Reproduce word for word every line of the entries below, from the line containing "For build D the" through the final line, and nothing else.

::: DATA RECORDS

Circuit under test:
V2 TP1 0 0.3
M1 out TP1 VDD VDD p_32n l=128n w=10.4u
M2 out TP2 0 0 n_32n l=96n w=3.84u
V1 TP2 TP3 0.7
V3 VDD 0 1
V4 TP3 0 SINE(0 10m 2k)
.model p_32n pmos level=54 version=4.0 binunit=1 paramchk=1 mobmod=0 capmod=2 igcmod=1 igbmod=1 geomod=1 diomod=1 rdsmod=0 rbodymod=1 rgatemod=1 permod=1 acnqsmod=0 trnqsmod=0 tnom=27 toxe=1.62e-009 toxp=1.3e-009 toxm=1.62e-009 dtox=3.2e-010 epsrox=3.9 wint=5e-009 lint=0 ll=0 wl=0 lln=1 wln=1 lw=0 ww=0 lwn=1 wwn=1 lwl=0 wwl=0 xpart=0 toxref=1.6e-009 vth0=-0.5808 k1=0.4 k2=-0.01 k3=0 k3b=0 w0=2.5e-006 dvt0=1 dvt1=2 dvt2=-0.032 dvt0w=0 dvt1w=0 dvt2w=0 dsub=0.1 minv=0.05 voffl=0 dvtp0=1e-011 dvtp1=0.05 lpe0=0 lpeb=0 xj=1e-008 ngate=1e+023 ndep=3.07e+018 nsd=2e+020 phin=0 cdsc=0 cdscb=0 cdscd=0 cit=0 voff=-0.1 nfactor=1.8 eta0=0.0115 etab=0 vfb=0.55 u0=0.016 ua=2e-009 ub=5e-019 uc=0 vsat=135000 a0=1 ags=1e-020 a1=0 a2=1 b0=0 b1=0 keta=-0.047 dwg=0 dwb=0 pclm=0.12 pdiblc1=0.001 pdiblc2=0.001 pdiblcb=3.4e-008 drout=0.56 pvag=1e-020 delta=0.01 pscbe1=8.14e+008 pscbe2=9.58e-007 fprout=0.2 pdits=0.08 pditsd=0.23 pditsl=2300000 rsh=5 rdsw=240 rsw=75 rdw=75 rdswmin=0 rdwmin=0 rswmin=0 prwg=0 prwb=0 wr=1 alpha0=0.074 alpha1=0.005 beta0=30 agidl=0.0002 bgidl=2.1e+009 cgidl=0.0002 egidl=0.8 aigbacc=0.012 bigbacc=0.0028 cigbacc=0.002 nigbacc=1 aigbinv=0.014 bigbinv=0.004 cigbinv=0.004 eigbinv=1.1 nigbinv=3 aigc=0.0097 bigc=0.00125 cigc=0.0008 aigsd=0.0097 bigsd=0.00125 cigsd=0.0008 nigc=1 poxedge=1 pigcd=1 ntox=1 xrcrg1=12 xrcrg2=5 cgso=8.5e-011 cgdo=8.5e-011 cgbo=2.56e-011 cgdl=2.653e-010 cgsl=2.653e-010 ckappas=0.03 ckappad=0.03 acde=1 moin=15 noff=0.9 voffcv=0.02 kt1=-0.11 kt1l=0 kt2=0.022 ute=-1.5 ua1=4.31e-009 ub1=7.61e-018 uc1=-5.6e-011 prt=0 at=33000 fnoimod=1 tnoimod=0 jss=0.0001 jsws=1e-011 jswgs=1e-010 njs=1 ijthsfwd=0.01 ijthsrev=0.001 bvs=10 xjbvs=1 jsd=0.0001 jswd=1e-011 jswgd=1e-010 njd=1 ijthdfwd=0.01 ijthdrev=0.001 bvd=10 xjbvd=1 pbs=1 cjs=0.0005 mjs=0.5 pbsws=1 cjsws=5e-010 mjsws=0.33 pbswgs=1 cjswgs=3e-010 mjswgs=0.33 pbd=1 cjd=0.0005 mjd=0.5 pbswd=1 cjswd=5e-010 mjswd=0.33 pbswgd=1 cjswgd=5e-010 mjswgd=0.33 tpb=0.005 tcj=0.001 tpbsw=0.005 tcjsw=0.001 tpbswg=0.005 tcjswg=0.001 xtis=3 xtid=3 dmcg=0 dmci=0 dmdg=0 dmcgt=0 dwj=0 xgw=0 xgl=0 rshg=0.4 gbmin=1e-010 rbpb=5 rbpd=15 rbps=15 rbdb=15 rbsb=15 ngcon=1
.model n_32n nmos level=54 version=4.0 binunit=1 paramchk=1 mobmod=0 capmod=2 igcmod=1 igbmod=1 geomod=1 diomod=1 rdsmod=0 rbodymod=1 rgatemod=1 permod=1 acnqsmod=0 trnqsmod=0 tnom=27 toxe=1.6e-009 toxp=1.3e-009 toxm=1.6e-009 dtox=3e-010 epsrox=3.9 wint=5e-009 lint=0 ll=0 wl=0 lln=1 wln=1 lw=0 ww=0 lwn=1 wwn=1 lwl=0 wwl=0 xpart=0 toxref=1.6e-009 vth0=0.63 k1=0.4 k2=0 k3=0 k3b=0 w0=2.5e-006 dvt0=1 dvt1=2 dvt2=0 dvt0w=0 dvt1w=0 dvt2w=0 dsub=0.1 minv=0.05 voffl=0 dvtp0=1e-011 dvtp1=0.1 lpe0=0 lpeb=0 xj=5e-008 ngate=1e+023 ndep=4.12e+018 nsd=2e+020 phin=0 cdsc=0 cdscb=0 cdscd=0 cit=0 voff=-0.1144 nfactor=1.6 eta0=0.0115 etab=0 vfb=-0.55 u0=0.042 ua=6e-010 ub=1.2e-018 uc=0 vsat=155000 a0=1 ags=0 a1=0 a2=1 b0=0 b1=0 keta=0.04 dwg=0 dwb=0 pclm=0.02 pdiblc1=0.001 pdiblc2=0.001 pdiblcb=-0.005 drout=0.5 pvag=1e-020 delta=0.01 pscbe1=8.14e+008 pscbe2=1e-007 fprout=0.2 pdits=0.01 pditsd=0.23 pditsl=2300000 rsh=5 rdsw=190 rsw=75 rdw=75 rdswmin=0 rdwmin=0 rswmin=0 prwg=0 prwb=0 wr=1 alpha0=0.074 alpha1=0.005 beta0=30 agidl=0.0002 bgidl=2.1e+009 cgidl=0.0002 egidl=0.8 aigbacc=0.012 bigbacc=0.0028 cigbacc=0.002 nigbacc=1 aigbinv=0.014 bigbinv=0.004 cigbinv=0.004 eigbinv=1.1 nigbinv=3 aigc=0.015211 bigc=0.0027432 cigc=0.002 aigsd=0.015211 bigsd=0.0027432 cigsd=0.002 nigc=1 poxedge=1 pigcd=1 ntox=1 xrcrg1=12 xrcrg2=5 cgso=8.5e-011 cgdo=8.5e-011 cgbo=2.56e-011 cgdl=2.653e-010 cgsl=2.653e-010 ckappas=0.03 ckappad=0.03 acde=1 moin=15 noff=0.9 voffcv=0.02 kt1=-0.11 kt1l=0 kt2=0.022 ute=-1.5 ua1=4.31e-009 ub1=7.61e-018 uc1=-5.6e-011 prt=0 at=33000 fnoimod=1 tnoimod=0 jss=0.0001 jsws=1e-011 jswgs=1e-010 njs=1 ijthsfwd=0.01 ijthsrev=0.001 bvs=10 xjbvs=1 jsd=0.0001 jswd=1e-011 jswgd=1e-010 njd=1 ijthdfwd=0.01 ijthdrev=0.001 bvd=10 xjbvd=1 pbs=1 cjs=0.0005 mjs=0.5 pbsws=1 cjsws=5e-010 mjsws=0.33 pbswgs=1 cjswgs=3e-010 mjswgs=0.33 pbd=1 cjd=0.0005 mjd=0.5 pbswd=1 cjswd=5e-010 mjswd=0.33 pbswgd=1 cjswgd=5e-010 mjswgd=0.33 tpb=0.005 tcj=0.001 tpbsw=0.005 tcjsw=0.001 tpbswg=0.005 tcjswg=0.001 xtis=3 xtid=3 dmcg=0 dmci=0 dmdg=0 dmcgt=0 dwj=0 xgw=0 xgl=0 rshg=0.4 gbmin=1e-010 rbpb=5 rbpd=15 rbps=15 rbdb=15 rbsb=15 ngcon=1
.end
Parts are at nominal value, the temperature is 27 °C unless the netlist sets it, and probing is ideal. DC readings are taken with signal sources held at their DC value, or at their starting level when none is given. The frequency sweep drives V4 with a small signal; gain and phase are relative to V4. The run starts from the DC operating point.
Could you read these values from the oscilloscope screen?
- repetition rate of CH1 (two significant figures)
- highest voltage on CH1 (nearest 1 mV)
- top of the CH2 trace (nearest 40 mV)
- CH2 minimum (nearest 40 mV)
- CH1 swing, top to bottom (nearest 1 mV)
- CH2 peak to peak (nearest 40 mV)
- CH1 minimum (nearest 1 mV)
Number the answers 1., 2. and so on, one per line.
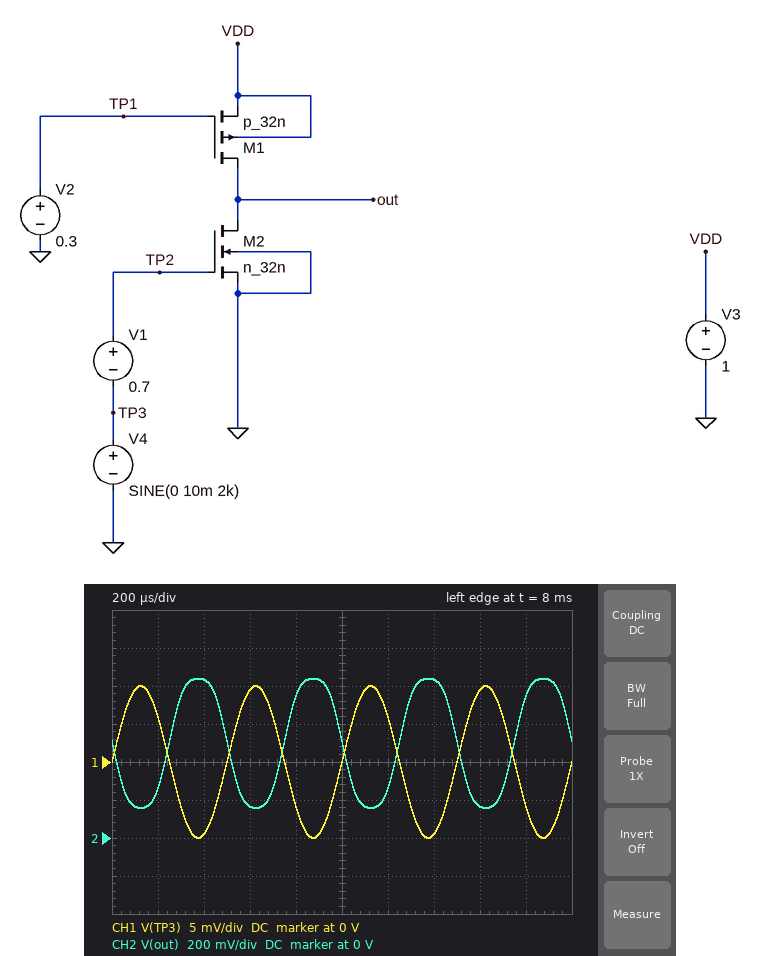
1. 2.0 kHz
2. 10 mV
3. 840 mV
4. 160 mV
5. 20 mV
6. 680 mV
7. -10 mV
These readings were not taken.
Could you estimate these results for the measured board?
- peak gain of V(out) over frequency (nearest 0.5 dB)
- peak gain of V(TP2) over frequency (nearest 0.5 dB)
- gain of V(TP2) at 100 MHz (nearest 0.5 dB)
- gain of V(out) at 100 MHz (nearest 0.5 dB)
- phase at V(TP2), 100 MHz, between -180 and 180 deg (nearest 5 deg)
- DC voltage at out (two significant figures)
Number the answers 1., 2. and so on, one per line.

1. 33.0 dB
2. 0 dB
3. 0 dB
4. 32.5 dB
5. 0 deg
6. 510 mV
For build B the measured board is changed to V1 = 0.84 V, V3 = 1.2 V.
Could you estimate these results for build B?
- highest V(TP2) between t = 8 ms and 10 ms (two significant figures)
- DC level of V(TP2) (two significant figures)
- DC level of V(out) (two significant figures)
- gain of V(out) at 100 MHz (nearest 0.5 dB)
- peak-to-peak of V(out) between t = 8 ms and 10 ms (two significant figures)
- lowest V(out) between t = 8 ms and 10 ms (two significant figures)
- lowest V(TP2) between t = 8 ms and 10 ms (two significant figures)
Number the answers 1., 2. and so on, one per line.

1. 850 mV
2. 840 mV
3. 1.0 V
4. 8.0 dB
5. 51 mV
6. 970 mV
7. 830 mV
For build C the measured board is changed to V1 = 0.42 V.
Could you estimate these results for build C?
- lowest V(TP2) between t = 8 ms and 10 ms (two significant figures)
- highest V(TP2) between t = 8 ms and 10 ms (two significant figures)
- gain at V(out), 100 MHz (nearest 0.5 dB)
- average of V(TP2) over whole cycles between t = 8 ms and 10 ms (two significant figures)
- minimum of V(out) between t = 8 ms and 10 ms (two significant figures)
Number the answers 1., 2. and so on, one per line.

1. 410 mV
2. 430 mV
3. -43.0 dB
4. 420 mV
5. 1.0 V
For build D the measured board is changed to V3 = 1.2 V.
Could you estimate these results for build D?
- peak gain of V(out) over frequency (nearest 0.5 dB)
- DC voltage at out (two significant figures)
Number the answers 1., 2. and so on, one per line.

1. -5.5 dB
2. 1.2 V

::::::

▶ FINISHED EXERCISE
For build D the measured board is changed to V3 = 1.2 V.
Could you estimate these results for build D?
- peak gain of V(out) over frequency (nearest 0.5 dB)
- DC voltage at out (two significant figures)
Number the answers 1., 2. and so on, one per line.

1. -5.5 dB
2. 1.2 V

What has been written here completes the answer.